Corporations have become even more emboldened during the last mid-term election by the Supreme Court decision of Citizen United vs. FEC which basically gives them carte blanche to spend obscene amount of monies on lobbying—monies that are simply out of the realm of average citizens—through special political packs like the American Crossroads GPS, which is able, unfettered, to influence election outcomes: a milieu which was, formerly, the sole domain of the voters (‘of the people, by the people, for the people’ anyone?). Now these corporations are free to write their own policies through their minions (lobbyists), with the politicians of their choosing in their pockets.
Some states decry shortages of budgets; these same states have no qualms about giving their corporate cronies further tax breaks laded on the backs of the average workers and at the cost of education.
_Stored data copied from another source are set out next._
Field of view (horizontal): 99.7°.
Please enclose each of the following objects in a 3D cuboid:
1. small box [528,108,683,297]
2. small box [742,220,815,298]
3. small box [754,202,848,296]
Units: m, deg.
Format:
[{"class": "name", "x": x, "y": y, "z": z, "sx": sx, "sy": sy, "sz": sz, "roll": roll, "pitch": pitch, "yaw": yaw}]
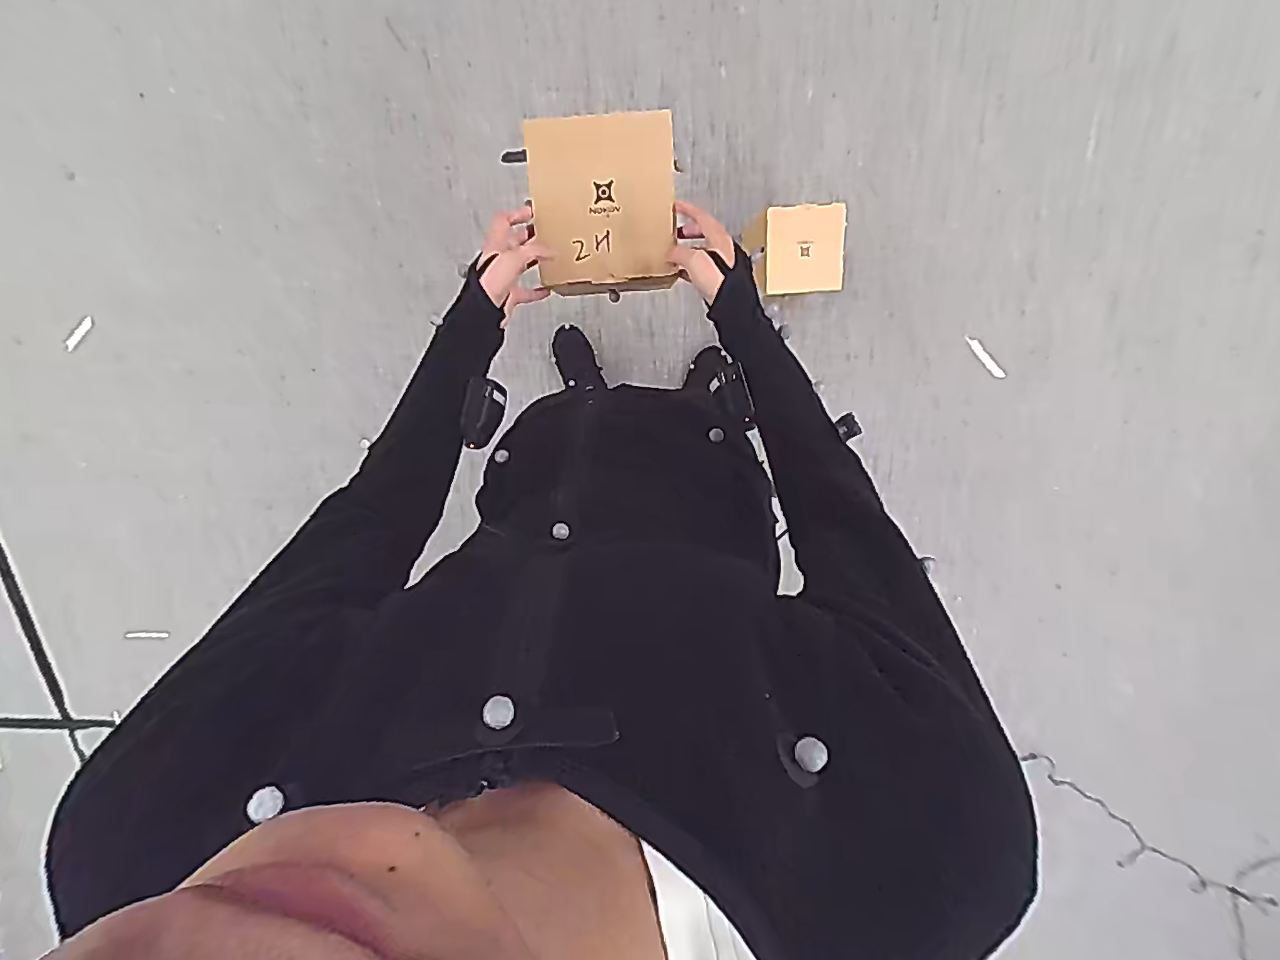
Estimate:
[{"class": "small box", "x": -0.037, "y": -0.331, "z": 0.678, "sx": 0.168, "sy": 0.176, "sz": 0.179, "roll": -4, "pitch": 105, "yaw": 1}, {"class": "small box", "x": 0.354, "y": -0.558, "z": 1.372, "sx": 0.168, "sy": 0.176, "sz": 0.179, "roll": -4, "pitch": 106, "yaw": 2}, {"class": "small box", "x": 0.354, "y": -0.511, "z": 1.217, "sx": 0.168, "sy": 0.176, "sz": 0.179, "roll": -3, "pitch": 106, "yaw": 2}]
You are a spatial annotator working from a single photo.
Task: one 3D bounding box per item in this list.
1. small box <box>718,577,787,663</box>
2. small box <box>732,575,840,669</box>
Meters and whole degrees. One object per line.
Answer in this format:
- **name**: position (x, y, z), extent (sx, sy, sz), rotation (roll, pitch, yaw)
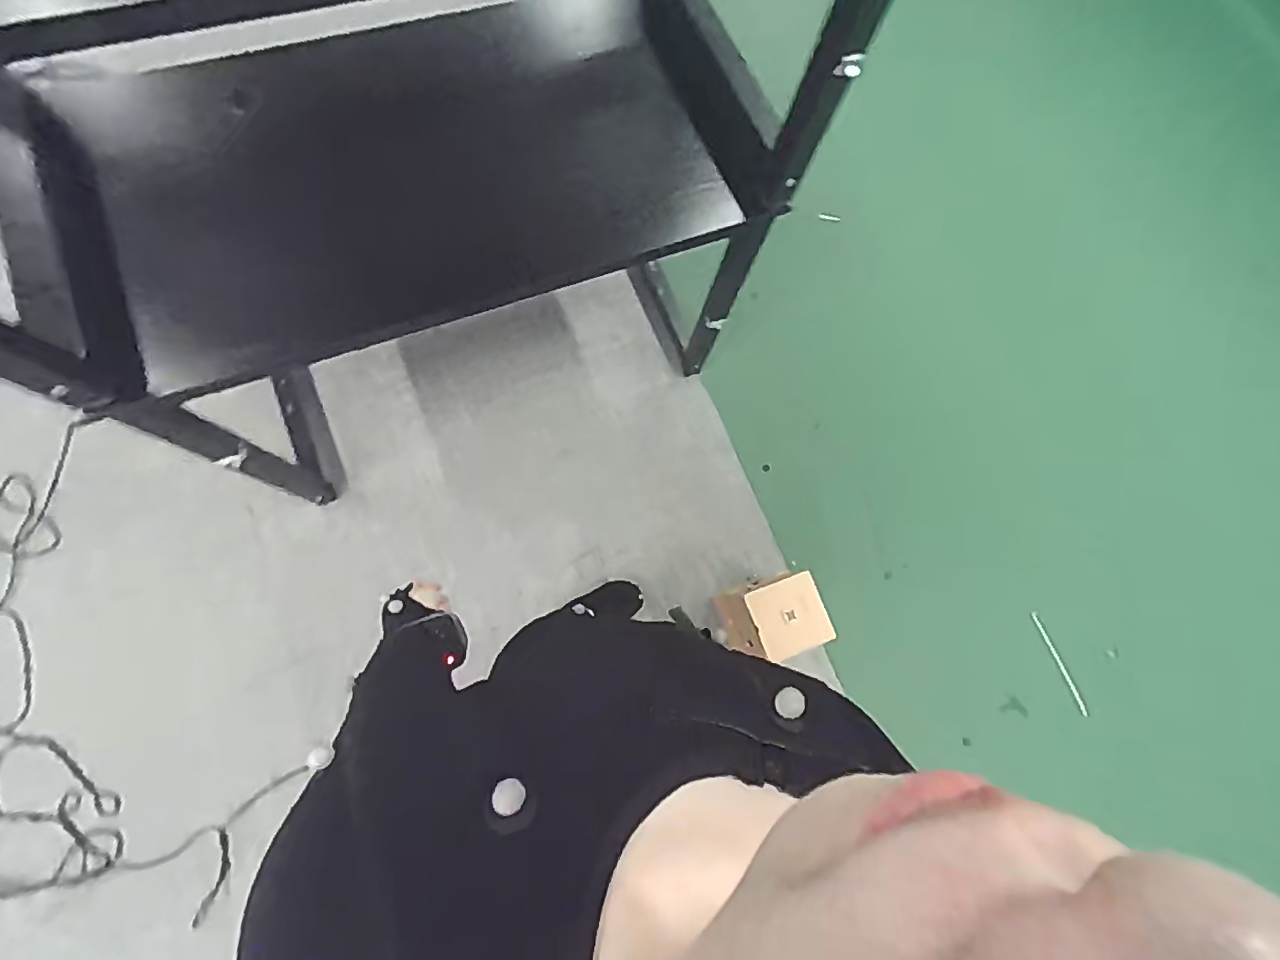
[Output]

The tax burden on the richest class of this country is at its lowest in 60 years: yet one still gets an earful about the state of ‘high taxes’ from the same class. The last staggering statistic is that the richest 400 American families own about 50% of the economic assets of this country.
While the middle class is economically a shell of its former hale appearance, even battered and desiccated, it still manages a slight semblance of its economically plump glorious past. In India there is an old saying, “Even a dead elephant is worth a million rupees”. Today, after poaching the mighty elephantine middle class for years, the rich are perched comfortably in their ivory towers, without an iota of concern for their acts. When the dormant but festering sentiments of this large disappearing class awakens, the economic elites had better learn some lessons from history.